Power tap: bond issuers should take the money and run
When Sinopec this week tapped three of the five tranches from its record breaking $5bn April issue, it joined a select group of savvy issuers who are reopening existing bonds to take more for less. Tighter spreads and abundant liquidity make for cheaper deals. Borrowers with further funding needs should consider a quick and easy return to the market.
Recent taps by Asian issuers have been met with rich demand. China Overseas Land and Investment (COLI) saw so much interest for its tap on June 5 that it added a new 20 year bond into the bargain.
COLI was following ICICI, which reopened its 4.8% 2019s on May 29 to great success, pricing inside its existing curve. According to bankers, this was the first time an Asian issuer had managed to price a tap inside the existing bond.
And then came Sinopec. The oil giant made across the board savings of up to 45bp with its June 9 offering just two months after pricing its original bond. Demand for yield coupled with increased liquidity driven by redemptions and by bond fund inflows over the last couple of weeks meant that the borrower was opening its tap into receptive markets.

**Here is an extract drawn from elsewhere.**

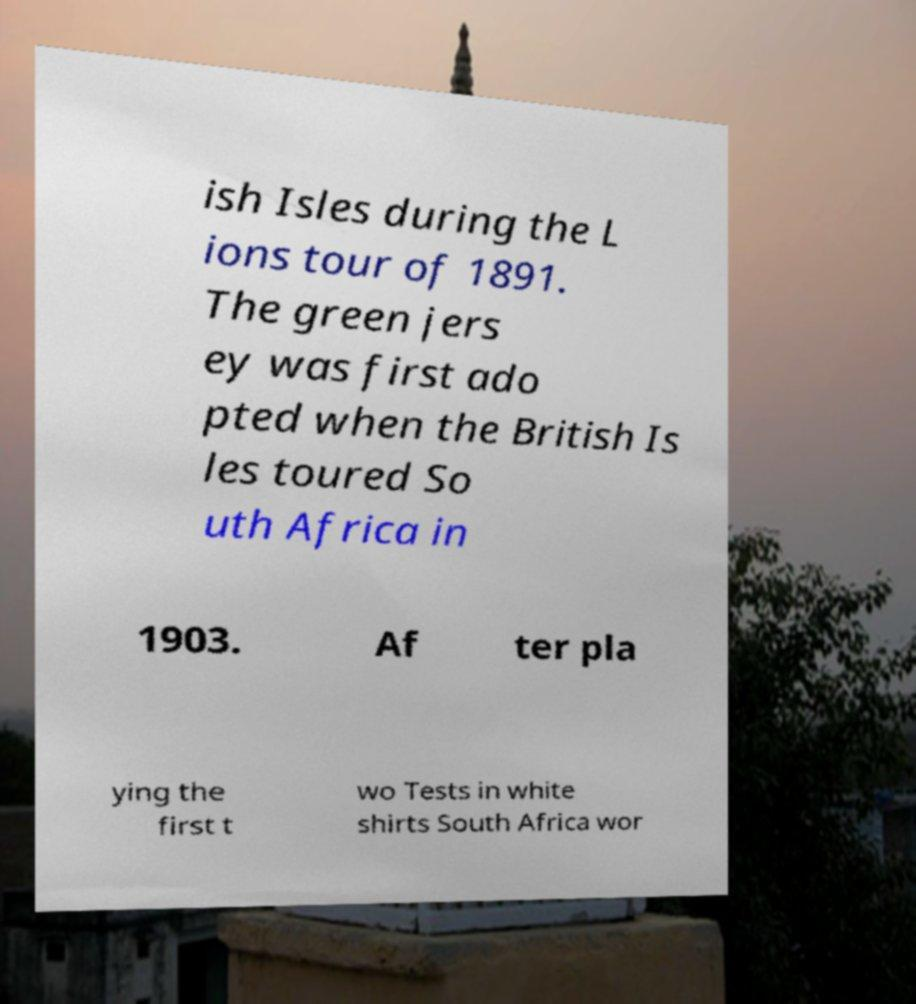I need the written content from this picture converted into text. Can you do that? ish Isles during the L ions tour of 1891. The green jers ey was first ado pted when the British Is les toured So uth Africa in 1903. Af ter pla ying the first t wo Tests in white shirts South Africa wor

Sinopec was the ultimate opportunist. It had more to raise this year and with its own bonds trading well in secondary and investors looking to put their money to work, it made a quick return.
It’s not just the saving that makes doing a tap worthwhile. It’s also cutting out the usual grind and being able to go home early, safe in the knowledge that the bonds are safely ensconced with accounts that were clamouring for them. Unlike a new issue, extensive marketing is not required — people know the name, the bonds are already trading, price discovery is unnecessary and in cases like the dramatically oversubscribed Sinopec deal, demand is already there.
In addition, the issuer does not need to go through the whole regulatory process as the docs are already in order. Of course, not every borrower can issue a tap — it depends on what kind of set-up they have. A debutant may not find the same demand as a well-known and liquid SOE like Sinopec.
Another potential concern is that if an issuer is saving, investors are losing out — which raises the question of why they should buy a new issue when they can get a better price in the secondary market. Before ICICI, borrowers wanting to tap had to pay at least a 5bp concession.
But taking a hit on price to get a primary allocation is also in investors' interests too. Sinopec’s original deal had an order book of $17.25bn but only saw $5bn allocated. For the $12.25bn worth of orders who missed out the first time round, buying a large chunk in the secondary market would cause pricing to move so much that — in the words of one syndicate banker — you are going to get creamed. And with secondary market trading volumes falling in May from April, investors are obviously in a buy and hold mode.
Taps are by no means always a success. But with the market in risk-on mode, rates low and liquidity abundant, opportunistic issuers could do worse than lay down fat for the winter. Or to put it more bluntly, take the money and run while it’s cheap.